Por su parte el corazón pulverizado del pavo aplaca esta enfermedad; y también el hueso que hace el giro en las rodillas, que enlaza las venas de su pata, también atenaza tal enfermedad para que no vaya más allá. A su vez las uñas contraen la fisura de esta enfermedad para que no salga como agua de manantial, y por su parte el calor de la betónica repele el agua de esta enfermedad, mientras que el frío del levístico alegra la mente del hombre que está triste. Y la grasa de la anguila estrecha la fisura que hace surgir esta enfermedad. El calor del vino la calma más que el agua, y todo lo descrito, a la vez y en su justa proporción, como se ha explicado, disminuye la enfermedad.

(1) Cf. PL 1289 D.

(430) Cólicos1. A quien le aqueja un cólico, recoja un poco de jengibre y otro poco de canela hasta convertirlos en polvo. A continuación, algo menos de salvia que de jengibre y de hinojo más que de salvia, de tanaceto menos que de salvia, y machacándolo todo extraiga el líquido con un mortero y cuélelo a través de un paño. Luego cueza un poco de miel en vino y añáda un poco de pimienta blanca o bien, si no tuviera, un poco de nimmolo <¿?> y mezcle el polvo con el líquido extraído. Después tome lenteja de agua y el doble de tormentilla que de lenteja de agua, y de mostaza de la que crece en el campo, la misma cantidad que de tormentilla, y de la planta en la que crecen diminutísimos filiantropos1 menos que lenteja de agua. Macháquelo todo en un mortero hasta obtener el líquido, y ya triturado póngalo en un saquito, y viértale por encima el mencionado vino con la miel y el polvo para hacer como un jarabe. El hombre que padece esta dolencia ha de beber en ayunas de esta bebida cuanto sea capaz de ingerir de un trago, y por la noche haga lo mismo cuando se vaya a acostar a la cama, y así hasta que se cure.
Pues el cólico surge de humores nocivos tanto calientes como fríos, más de los fríos que de los cálidos. Por todo lo cual el calor de la canela, la salvia, el hinojo, el tanaceto, la miel, el vino, la pimienta negra (o el nimmolo), la mostaza silvestre, y el calor del filiantropos, templados correctamente por el frío de la lenteja de agua y de la tormentilla, disminuyen los humores en exceso fríos o calientes por culpa de los cuales se produce el cólico. Cuando el hombre toma la poción descrita, a saber, en ayunas y al ir a dormir, si es ayunas logra que no se produzcan tales humores y si es en las comidas reprime los humores nocivos de los alimentos.

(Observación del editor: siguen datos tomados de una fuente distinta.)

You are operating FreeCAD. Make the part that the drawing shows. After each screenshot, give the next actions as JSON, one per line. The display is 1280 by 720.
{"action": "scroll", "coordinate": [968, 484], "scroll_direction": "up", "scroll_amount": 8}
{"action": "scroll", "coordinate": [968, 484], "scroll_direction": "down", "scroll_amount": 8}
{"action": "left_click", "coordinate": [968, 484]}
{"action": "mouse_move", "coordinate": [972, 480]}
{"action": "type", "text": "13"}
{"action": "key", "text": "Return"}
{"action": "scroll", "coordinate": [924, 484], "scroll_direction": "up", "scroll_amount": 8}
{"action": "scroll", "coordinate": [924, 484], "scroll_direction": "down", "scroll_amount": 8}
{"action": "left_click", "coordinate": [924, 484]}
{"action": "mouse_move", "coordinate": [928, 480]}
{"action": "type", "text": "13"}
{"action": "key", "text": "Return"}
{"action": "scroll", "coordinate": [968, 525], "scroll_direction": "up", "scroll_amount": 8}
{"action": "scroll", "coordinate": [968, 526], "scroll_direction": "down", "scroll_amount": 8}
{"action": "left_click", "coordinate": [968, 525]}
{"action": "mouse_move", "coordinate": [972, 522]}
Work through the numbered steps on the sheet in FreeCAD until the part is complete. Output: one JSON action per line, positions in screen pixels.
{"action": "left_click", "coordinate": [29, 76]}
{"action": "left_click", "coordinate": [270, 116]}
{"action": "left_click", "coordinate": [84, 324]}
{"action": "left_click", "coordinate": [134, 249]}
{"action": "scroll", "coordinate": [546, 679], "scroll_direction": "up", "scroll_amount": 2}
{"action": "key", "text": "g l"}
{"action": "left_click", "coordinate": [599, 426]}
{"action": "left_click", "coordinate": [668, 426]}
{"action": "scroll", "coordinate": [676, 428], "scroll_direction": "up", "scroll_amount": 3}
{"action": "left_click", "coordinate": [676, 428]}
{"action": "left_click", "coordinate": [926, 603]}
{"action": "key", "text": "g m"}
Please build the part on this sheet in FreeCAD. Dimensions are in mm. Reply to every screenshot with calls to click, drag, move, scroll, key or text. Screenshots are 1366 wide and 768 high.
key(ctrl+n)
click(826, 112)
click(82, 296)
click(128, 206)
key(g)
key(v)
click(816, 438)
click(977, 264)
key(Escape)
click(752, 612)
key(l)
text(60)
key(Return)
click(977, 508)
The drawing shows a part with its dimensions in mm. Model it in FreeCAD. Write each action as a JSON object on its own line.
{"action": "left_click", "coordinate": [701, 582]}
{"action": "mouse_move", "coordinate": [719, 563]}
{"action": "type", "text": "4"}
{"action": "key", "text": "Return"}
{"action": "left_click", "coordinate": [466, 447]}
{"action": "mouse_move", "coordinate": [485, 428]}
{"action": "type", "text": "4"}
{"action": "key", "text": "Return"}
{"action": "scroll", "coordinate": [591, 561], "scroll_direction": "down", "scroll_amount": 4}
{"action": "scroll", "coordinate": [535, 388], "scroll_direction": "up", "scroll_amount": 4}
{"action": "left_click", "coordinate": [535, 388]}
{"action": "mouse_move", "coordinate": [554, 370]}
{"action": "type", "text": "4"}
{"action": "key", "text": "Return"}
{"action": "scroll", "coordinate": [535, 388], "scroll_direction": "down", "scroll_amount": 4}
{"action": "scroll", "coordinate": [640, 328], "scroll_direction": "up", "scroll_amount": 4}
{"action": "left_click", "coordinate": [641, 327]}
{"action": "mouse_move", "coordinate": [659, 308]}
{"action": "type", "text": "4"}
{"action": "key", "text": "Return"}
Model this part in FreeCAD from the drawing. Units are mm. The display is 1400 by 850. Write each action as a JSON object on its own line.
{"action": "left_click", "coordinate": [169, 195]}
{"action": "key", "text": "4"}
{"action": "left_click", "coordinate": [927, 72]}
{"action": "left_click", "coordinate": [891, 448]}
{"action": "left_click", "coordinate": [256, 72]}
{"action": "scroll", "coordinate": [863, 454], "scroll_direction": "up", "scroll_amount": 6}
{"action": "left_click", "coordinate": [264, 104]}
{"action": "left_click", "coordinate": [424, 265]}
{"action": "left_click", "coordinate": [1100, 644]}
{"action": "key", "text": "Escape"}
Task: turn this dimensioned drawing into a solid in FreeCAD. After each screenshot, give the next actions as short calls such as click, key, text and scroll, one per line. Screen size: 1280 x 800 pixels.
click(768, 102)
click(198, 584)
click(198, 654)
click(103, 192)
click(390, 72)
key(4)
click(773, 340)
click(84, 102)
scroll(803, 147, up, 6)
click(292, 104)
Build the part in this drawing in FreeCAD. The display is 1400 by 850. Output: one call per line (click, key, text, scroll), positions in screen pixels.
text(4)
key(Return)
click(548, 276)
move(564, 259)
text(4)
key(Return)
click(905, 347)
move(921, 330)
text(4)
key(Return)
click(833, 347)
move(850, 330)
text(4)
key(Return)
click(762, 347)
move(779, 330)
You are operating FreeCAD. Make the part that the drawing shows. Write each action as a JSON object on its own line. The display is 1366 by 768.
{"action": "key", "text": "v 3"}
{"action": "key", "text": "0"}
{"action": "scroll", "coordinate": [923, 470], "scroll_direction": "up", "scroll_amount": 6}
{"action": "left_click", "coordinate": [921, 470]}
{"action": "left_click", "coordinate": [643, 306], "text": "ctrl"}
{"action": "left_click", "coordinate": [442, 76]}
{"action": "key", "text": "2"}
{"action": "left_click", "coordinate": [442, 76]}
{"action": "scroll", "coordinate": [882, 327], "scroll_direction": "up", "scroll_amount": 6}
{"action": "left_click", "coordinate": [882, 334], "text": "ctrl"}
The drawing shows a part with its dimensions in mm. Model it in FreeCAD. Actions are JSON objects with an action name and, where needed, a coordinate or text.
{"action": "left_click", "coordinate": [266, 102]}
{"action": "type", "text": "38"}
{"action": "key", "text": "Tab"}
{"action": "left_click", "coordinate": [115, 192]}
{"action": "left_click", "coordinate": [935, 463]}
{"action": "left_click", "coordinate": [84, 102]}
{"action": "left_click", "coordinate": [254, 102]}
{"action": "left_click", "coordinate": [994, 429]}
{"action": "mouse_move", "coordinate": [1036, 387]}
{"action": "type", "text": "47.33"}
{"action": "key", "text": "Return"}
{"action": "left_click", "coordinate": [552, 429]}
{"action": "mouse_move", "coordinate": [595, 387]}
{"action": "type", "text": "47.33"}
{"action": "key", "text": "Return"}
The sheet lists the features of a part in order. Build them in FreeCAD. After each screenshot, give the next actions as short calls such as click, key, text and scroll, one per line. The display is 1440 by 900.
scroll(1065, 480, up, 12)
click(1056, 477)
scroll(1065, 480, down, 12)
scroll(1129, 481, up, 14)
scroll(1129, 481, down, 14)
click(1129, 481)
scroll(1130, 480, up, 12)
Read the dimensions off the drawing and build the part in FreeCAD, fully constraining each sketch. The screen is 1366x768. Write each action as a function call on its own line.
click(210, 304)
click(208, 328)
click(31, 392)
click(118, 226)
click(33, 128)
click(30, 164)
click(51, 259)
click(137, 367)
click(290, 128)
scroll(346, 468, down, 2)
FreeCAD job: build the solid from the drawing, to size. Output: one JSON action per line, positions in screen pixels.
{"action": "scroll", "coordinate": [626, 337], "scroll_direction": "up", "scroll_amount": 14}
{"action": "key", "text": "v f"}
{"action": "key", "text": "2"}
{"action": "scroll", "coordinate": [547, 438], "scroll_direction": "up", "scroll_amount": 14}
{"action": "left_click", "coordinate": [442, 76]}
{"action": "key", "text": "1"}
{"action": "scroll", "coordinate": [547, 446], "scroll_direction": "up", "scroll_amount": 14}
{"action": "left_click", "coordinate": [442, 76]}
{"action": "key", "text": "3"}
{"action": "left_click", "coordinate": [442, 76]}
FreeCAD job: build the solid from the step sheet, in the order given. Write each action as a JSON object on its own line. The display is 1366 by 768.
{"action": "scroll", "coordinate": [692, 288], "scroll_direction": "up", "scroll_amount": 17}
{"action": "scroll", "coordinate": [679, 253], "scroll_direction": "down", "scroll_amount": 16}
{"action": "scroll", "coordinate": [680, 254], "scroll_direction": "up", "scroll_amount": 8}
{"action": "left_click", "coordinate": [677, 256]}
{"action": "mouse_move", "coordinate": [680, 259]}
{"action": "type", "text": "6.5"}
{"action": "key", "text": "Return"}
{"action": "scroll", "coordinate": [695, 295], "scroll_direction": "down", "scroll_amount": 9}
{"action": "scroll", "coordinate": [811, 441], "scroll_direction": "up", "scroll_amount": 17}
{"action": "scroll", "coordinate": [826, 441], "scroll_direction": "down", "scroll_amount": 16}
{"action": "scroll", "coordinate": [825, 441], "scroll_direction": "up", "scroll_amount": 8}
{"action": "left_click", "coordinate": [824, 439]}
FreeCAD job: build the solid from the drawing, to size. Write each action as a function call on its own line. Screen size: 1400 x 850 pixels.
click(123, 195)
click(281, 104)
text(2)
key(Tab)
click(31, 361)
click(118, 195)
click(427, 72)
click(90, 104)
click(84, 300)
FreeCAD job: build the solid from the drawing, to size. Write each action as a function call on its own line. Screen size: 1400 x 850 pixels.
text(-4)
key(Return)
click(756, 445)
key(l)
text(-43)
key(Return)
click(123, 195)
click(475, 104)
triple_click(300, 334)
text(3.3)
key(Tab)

(1) Cf. PL 1136 D - 1137 A.
(2) El "diminutísimo" filiantropos del que habla podrían ser los estambres o una planta parasitaria de la bardana.

(431) Lombrices. Si por culpa de humores nocivos y malignos que le son venenosos, a algún hombre le salieran gusanos, tome el ardiente jugo de la ortiga y el mismo peso de jugo de verbasco y jugo de hojas de nogal (la misma cantidad que los otros dos juntos), o si no hubiera hojas de nogal, extraiga de la corteza del mismo árbol la misma cantidad de jugo y añada un poco de vinagre y una buena cantidad de miel, y hágalo hervir en olla nueva y retire la espuma de encima y después de que haya hervido retírelo del fuego y durante quince días béba un poco en ayunas, no sea que su propia fuerza le dañe, pero después de las comidas beba bastante, ya que entonces la comida puede combatir su fuerza.
Pues el ardiente calor de la ortiga picante junto con el del verbasco se equilibran con el frío del nogal, y si entonces se bebe la poción descrita, los gusanos mueren debido a su fuerza. Eso sí, se le ha de añadir el vinagre y miel para poder tomarlos, por su mal sabor.